▶ Exercise
Line by line, check the data for the string "sample" and state how many lines have it, nothing more.

▶ Exercise data
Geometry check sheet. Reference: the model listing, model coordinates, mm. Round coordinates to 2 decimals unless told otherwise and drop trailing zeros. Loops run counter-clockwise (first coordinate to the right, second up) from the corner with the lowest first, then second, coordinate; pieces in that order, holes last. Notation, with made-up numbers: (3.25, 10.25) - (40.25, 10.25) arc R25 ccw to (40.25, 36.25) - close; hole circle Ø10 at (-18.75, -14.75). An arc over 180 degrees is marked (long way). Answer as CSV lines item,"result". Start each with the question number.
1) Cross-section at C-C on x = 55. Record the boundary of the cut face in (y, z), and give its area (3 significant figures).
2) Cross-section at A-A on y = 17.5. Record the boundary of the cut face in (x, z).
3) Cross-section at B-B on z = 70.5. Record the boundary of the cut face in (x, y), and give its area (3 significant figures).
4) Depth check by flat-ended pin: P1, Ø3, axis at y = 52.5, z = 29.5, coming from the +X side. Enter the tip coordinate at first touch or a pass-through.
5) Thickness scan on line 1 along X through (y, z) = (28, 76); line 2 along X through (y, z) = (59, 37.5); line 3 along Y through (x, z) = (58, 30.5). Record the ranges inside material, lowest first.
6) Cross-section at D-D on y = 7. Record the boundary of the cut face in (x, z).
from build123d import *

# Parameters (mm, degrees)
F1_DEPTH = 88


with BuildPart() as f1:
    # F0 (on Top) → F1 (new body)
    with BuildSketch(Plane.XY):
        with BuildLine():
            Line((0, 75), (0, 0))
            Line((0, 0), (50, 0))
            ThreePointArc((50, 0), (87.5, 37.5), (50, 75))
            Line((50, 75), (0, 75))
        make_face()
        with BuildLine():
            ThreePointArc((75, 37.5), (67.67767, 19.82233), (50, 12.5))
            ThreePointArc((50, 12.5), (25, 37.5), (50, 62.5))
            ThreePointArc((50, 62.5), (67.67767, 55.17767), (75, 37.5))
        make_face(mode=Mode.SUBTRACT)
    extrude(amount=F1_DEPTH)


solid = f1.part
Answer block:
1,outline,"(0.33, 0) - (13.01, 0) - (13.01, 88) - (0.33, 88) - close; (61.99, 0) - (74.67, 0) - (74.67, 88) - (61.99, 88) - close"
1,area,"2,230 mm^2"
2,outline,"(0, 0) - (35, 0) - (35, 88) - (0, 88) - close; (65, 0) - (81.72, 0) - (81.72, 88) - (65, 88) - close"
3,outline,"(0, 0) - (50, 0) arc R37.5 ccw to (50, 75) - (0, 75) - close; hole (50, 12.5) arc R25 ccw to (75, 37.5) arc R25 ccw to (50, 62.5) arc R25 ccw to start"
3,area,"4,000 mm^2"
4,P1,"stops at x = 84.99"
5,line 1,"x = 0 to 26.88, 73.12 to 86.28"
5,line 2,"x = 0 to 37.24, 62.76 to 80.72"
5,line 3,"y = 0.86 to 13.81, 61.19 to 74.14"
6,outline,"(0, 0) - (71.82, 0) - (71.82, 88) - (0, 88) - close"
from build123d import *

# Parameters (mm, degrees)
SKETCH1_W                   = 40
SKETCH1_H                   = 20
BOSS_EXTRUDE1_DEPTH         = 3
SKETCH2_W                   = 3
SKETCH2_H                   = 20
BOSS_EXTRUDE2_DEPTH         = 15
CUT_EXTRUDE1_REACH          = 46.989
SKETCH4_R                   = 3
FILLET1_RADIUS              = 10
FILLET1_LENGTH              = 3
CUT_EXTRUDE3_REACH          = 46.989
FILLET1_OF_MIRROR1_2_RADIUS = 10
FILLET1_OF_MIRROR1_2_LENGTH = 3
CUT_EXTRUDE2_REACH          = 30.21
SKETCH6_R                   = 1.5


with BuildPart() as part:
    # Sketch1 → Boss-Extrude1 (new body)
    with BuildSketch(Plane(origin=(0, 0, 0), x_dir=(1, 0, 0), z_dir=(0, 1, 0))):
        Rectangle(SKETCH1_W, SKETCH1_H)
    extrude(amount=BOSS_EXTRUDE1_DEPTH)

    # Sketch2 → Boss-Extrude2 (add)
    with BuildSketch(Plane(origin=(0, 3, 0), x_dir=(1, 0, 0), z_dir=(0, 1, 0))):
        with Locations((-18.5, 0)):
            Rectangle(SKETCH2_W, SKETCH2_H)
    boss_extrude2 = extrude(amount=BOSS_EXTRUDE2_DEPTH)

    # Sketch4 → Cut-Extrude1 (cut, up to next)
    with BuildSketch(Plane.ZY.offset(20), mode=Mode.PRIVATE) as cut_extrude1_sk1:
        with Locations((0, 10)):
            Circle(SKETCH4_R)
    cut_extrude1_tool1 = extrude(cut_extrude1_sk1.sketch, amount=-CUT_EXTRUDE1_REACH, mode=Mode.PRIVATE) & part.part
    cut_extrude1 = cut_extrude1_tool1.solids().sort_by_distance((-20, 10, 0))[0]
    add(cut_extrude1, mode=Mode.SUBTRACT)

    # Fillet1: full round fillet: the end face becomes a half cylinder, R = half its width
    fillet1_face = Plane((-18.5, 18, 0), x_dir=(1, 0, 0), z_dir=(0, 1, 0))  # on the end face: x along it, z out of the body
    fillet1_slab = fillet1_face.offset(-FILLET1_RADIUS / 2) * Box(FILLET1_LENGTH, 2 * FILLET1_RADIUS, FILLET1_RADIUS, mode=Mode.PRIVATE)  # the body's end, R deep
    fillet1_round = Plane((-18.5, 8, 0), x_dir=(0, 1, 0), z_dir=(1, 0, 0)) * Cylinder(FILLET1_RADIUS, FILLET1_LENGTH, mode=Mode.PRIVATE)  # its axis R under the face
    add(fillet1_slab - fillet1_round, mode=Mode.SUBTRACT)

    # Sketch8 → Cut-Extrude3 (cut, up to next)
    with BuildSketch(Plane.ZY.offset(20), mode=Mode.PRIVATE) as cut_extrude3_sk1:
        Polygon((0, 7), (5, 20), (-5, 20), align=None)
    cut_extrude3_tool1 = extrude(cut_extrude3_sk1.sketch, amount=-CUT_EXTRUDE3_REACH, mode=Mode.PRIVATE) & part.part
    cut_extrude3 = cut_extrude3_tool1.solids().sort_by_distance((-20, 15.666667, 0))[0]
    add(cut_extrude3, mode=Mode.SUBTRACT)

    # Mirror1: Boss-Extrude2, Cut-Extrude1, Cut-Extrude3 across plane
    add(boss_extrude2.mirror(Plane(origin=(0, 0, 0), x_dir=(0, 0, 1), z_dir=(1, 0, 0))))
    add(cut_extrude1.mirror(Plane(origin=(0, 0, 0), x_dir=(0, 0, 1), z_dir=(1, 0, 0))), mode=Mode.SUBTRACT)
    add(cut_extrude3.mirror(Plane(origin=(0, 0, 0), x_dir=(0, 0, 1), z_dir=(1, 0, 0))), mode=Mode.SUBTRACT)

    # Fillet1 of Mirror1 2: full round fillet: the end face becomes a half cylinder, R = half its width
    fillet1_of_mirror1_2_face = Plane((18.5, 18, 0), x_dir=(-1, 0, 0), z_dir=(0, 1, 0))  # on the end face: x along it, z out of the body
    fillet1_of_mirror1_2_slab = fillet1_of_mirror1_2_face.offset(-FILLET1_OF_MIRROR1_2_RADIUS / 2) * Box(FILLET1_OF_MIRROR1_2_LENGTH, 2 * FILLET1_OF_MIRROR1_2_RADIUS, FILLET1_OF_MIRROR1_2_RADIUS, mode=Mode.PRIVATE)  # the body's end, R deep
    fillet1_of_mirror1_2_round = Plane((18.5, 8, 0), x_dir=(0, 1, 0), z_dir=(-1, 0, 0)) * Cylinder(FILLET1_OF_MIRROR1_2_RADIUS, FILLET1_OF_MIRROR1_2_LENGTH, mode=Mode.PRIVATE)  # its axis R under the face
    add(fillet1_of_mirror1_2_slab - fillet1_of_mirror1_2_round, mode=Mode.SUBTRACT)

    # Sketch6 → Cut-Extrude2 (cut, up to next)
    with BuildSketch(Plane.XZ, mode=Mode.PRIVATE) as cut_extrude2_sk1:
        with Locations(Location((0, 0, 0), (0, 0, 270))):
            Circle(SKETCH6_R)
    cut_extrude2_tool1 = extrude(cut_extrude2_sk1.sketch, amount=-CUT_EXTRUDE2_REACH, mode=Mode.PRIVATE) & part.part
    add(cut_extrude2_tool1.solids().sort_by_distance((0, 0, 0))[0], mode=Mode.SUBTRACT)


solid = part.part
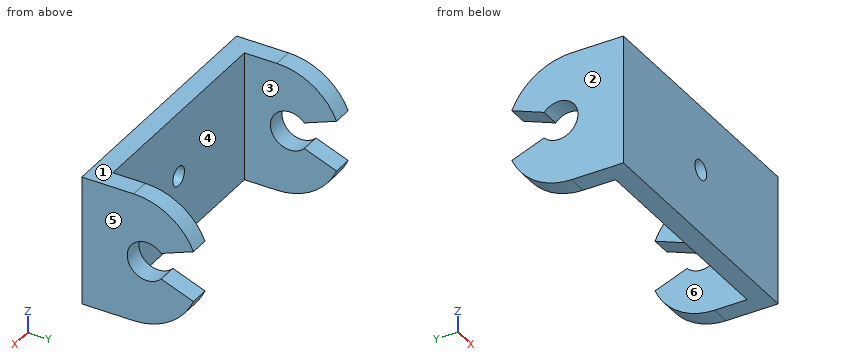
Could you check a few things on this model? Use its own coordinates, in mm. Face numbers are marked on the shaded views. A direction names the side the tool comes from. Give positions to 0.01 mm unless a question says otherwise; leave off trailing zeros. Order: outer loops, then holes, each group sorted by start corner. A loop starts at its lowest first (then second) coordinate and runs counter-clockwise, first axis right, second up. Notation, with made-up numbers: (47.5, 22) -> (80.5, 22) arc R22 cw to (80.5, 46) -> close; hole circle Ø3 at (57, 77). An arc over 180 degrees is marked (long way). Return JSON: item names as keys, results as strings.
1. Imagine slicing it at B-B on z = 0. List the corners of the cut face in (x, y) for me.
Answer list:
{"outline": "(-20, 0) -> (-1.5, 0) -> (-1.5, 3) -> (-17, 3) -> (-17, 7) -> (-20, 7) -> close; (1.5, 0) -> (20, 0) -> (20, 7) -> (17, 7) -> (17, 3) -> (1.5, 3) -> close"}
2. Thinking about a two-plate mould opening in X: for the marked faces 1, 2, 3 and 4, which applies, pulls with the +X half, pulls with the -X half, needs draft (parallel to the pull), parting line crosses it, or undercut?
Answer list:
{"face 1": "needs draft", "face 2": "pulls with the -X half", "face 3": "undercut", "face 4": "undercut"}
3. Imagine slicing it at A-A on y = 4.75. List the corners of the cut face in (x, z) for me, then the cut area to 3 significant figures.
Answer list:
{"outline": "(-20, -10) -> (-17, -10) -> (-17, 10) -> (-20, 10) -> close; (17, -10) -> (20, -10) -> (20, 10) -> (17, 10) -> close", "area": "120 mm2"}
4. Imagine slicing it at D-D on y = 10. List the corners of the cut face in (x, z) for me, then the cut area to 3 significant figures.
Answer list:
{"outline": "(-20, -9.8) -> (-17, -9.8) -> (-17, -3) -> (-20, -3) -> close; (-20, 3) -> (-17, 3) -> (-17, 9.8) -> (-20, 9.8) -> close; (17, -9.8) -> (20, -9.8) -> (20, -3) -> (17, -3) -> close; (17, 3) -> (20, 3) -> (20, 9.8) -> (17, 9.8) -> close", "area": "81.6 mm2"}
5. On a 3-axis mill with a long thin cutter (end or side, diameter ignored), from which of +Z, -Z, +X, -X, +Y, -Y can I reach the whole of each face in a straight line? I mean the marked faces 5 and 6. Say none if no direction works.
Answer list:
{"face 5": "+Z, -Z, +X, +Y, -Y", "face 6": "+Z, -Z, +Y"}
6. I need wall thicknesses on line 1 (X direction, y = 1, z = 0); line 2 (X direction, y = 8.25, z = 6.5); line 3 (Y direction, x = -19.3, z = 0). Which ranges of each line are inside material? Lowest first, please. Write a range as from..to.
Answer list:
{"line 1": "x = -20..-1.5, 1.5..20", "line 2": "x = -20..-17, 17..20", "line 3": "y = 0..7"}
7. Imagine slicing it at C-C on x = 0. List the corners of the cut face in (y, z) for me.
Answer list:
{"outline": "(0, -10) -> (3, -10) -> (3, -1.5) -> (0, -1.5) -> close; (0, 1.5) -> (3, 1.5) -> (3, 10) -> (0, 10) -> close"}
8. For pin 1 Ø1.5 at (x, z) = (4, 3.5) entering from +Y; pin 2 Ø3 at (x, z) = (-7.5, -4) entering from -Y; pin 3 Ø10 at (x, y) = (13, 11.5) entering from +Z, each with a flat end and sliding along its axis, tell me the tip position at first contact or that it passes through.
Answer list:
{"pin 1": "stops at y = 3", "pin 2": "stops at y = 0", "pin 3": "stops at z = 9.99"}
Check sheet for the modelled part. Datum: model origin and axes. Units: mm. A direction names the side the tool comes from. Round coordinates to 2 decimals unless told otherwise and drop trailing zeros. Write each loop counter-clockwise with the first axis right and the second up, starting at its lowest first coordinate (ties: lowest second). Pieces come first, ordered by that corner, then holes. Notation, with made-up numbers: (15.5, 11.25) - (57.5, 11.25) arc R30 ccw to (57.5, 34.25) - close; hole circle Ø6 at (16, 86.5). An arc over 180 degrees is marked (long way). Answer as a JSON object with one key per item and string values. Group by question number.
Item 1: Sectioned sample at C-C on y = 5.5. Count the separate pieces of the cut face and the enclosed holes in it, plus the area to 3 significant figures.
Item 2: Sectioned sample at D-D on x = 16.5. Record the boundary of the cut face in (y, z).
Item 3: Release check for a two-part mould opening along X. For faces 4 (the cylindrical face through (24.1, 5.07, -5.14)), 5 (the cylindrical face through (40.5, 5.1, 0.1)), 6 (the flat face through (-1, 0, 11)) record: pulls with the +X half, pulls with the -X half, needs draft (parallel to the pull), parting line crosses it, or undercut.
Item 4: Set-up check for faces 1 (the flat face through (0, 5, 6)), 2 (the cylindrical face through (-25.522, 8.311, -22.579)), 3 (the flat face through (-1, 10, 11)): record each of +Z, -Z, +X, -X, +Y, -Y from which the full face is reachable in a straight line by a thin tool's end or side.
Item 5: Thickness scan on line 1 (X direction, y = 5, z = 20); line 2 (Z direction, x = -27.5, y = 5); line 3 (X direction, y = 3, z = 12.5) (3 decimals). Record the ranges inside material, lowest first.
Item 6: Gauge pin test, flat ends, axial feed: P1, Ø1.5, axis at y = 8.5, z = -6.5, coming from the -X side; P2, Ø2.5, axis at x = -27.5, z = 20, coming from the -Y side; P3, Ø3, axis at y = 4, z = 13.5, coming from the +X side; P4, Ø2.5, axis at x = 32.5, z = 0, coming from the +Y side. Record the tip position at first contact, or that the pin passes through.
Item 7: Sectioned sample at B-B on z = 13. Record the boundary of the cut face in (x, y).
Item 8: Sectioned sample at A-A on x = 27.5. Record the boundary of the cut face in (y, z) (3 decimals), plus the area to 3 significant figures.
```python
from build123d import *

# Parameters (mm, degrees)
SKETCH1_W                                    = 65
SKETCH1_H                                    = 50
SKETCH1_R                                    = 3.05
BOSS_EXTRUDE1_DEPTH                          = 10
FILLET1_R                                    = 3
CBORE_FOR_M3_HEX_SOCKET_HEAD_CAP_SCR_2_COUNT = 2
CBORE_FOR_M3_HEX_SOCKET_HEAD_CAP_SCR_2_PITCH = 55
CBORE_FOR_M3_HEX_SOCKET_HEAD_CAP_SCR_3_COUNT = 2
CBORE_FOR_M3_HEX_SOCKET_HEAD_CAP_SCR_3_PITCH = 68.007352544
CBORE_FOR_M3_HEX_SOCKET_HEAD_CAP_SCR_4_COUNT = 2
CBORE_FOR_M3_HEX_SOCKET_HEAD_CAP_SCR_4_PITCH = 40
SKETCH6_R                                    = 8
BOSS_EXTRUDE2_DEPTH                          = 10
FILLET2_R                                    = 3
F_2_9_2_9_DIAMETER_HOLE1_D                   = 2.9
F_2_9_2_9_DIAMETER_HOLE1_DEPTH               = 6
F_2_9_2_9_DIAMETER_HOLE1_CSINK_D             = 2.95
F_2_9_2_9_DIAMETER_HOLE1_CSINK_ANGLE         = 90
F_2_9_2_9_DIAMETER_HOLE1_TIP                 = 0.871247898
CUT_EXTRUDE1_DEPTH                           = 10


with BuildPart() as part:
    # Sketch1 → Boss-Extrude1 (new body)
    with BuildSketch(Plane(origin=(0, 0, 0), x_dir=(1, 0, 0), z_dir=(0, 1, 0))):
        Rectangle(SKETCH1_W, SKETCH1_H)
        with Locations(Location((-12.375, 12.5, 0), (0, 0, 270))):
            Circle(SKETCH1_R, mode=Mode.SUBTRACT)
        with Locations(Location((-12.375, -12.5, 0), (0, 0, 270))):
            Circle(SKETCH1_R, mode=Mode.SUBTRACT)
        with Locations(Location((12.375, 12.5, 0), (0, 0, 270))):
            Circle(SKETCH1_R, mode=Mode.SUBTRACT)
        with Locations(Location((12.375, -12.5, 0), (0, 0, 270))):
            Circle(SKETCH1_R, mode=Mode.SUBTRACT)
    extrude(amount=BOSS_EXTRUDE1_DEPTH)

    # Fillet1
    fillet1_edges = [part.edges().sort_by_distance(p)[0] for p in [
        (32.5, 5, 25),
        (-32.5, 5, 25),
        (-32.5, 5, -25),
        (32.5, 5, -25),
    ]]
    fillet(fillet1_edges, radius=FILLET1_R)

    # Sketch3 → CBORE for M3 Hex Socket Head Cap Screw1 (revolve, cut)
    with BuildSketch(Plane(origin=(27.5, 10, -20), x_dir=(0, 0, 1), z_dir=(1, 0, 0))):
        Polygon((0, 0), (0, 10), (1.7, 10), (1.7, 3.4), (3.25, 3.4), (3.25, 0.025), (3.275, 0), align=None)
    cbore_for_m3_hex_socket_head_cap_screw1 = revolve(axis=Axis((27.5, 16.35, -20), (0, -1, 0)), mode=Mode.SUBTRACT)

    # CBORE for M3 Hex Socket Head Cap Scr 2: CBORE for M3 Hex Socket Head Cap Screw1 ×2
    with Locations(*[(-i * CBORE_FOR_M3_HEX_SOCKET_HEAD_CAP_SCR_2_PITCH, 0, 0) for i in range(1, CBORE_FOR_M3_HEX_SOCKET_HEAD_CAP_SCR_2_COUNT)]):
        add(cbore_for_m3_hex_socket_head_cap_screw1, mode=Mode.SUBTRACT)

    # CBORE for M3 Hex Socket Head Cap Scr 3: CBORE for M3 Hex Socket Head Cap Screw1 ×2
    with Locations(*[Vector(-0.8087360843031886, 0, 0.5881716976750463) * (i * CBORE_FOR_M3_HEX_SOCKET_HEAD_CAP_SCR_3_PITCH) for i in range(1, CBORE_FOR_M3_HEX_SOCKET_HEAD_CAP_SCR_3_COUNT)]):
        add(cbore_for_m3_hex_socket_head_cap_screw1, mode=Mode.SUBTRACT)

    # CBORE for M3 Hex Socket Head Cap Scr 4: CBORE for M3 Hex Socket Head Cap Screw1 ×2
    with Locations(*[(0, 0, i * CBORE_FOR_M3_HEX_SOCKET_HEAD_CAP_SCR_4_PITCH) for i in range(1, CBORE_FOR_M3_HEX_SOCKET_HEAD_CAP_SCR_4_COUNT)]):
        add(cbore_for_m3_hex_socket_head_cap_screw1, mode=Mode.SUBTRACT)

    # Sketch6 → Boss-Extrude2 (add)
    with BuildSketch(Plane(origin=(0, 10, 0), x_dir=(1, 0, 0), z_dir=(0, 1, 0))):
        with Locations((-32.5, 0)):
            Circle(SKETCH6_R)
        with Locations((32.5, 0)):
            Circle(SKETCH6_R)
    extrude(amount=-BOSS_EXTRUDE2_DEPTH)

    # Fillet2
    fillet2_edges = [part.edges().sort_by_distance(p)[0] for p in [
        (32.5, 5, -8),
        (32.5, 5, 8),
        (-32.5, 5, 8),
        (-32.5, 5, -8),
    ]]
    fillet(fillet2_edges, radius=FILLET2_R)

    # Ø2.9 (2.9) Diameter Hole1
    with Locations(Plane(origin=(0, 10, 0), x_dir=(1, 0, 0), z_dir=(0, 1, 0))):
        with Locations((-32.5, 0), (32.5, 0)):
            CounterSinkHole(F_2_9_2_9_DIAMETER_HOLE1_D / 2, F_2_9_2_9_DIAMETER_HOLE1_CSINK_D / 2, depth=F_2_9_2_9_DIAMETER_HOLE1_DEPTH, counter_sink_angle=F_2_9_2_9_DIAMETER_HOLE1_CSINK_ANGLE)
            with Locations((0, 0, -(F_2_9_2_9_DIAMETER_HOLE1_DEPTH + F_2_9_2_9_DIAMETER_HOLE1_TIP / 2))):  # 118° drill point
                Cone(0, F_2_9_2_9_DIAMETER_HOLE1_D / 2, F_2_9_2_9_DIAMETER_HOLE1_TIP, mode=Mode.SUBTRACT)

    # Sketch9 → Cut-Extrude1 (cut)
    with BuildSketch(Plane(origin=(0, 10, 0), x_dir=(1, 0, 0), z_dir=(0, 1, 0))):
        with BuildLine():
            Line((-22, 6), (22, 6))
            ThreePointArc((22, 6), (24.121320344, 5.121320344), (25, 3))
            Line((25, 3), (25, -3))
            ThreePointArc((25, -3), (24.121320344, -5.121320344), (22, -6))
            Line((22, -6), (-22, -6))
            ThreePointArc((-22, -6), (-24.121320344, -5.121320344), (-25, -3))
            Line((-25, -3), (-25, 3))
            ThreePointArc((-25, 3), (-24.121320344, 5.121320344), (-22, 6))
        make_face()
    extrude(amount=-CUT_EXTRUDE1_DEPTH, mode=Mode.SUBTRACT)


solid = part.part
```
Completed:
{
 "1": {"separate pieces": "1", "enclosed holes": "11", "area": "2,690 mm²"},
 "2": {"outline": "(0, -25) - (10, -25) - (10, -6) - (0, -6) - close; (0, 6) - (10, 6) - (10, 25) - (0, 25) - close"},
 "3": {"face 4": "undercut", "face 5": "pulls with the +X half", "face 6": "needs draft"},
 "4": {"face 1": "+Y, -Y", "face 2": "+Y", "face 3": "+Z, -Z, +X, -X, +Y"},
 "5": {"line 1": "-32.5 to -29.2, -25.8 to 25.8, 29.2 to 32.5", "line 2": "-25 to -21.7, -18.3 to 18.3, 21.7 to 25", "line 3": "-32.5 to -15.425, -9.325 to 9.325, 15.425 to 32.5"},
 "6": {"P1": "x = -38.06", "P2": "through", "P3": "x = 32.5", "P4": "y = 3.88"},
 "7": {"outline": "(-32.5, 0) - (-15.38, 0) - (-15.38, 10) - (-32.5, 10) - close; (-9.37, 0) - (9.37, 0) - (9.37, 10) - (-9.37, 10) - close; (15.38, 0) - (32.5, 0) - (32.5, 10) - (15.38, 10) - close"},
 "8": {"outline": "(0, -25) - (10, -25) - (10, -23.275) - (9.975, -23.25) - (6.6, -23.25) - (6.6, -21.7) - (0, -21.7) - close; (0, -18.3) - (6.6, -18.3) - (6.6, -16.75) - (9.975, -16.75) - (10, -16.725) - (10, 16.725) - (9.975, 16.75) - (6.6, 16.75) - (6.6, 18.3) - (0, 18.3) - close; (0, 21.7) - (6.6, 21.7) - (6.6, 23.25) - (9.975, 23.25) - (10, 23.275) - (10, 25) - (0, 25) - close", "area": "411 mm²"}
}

▶ Finished exercise
4